Does COMT Play a Role in Parkinson’s Disease Susceptibility Across Diverse Ancestral Populations?

Abstract

Background:

The catechol-O-methyltransferase (COMT) gene is involved in brain catecholamine metabolism, but its association with Parkinson’s disease (PD) risk remains unclear.

Objective:

To investigate the relationship between COMT genetic variants and PD risk across diverse ancestries.

Methods:

We analyzed COMT variants in 2,251 PD patients and 2,835 controls of European descent using whole-genome sequencing from the Accelerating Medicines Partnership-Parkinson Disease (AMP-PD), along with 20,427 PD patients and 11,837 controls from 10 ancestries using genotyping data from the Global Parkinson’s Genetics Program (GP2).

Results:

Utilizing the largest case-control datasets to date, no significant enrichment of COMT risk alleles in PD patients was observed across any ancestry group after correcting for multiple testing. Among Europeans, no correlations with cognitive decline, motor function, motor complications, or time to LID onset were observed.

Conclusions:

These findings emphasize the need for larger, diverse cohorts to confirm the role of COMT in PD development and progression.

Introduction

Parkinson’s disease (PD) is a progressive neurodegenerative disorder marked by motor symptoms such as tremors, rigidity, and bradykinesia, alongside diverse non-motor manifestations. Its etiology involves a complex interplay of genetic and environmental factors [1,2].

The enzyme catechol-O-methyltransferase (COMT; OMIM:116790) plays a crucial role in catecholamine metabolism in the brain, including dopamine and norepinephrine. COMT variants can affect enzyme activity and dopamine metabolism [3]. While numerous studies have explored associations between COMT variants and PD susceptibility [4], particularly the Val158Met (rs4680), and their impact on levodopa-induced dyskinesia (LID) [5,6], cognitive decline [7–9], and motor fluctuations [10], findings remain inconsistent, leaving the role of COMT and variants in close proximity unresolved. Noteworthy, COMT is located within the 1.5 Mb region deleted in 22q11.2 deletion syndrome, a genetic disorder caused by the deletion of a small chromosome 22 segment, typically resulting in a wide variety of symptoms, including neurological [11].

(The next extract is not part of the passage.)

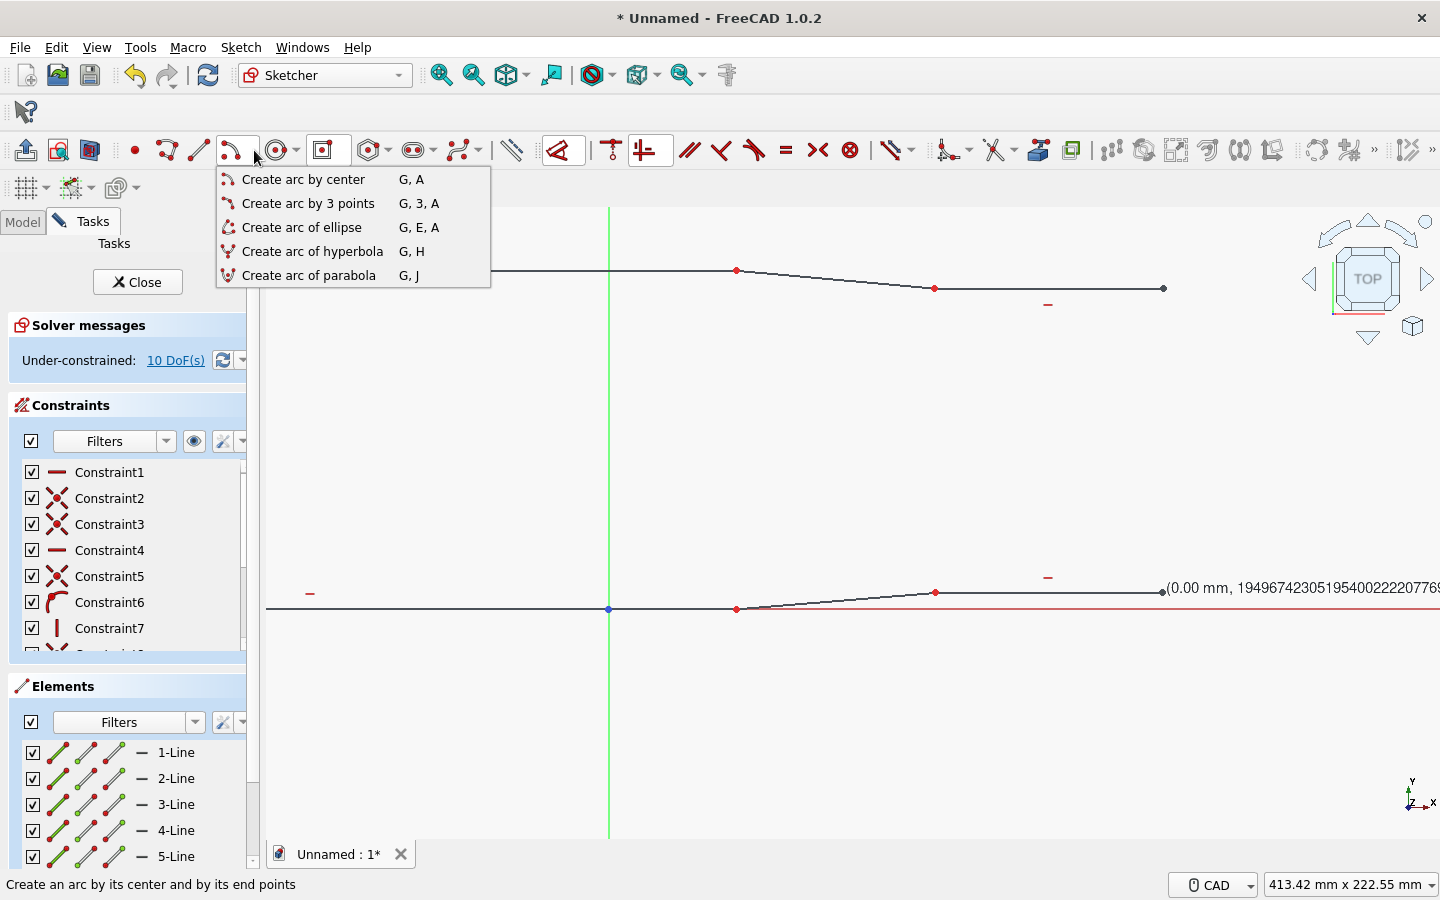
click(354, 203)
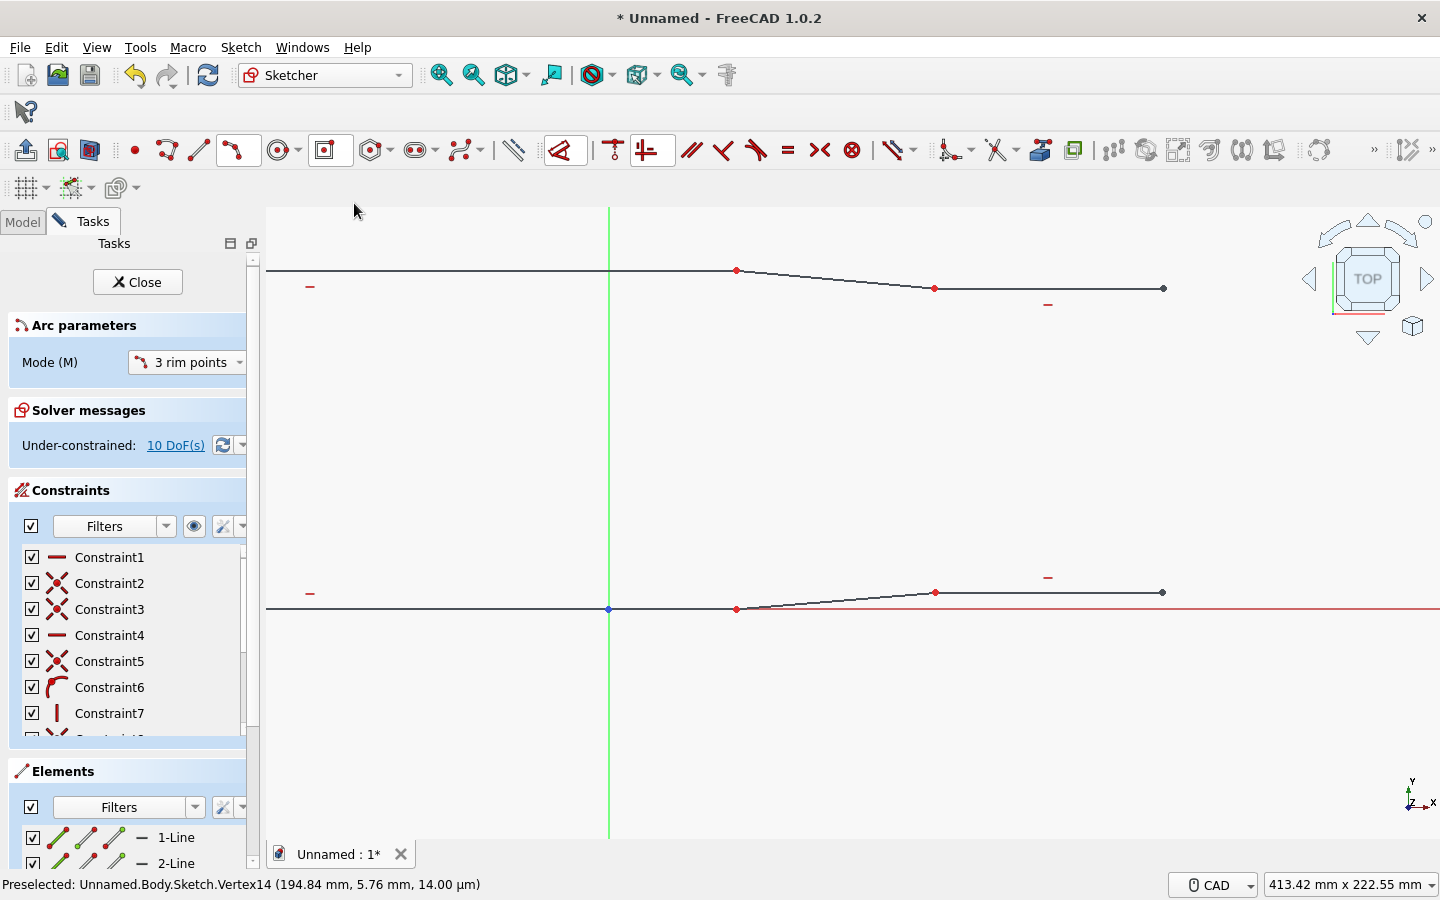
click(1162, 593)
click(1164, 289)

We comprehensively investigated whether genetic variation within COMT influences PD risk, LID, cognitive impairment, motor function, and complications, utilizing large-scale array-based genotyping and whole-genome sequencing (WGS) data from the Global Parkinson’s Genetics Program (GP2) [12] and the Accelerating Medicines Partnership - Parkinson Disease (AMP-PD) initiatives.

Methods

We analyzed AMP-PD WGS data release 3.0 (https://amp-pd.org/), including 2,251 unrelated PD patients and 2,835 controls of European descent (Supplementary Table 1). Additionally, we utilized large-scale genotyping imputed data from GP2 release 7 (https://gp2.org/), comprising 20,427 PD patients and 11,837 controls from ten ancestry populations: European (EUR), African Admixed (AAC), African (AFR), Ashkenazi Jews (AJ), American Admixed (AMR), Central Asian (CAS), East Asian (EAS), Middle Eastern (MDE), South Asian (SAS), and Complex Admixture History (CAH).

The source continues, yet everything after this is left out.